Start of Excerpted data

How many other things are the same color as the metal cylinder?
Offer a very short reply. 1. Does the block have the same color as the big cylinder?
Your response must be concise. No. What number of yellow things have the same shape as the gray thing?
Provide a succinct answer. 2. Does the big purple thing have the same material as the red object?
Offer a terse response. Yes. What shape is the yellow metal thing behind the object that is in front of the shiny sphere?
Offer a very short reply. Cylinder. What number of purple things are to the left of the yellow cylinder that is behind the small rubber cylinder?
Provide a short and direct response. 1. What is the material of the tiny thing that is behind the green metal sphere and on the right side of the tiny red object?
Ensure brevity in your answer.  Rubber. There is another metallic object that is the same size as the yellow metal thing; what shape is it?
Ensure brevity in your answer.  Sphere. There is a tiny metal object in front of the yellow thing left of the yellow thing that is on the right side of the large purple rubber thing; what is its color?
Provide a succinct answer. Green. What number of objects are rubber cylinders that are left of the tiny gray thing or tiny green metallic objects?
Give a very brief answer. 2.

End of Excerpted data

**Instructions to follow:**
Return every line of the data above in which "gray" appears.

**Result of the exercise:**
Your response must be concise. No. What number of yellow things have the same shape as the gray thing?
Provide a succinct answer. Green. What number of objects are rubber cylinders that are left of the tiny gray thing or tiny green metallic objects?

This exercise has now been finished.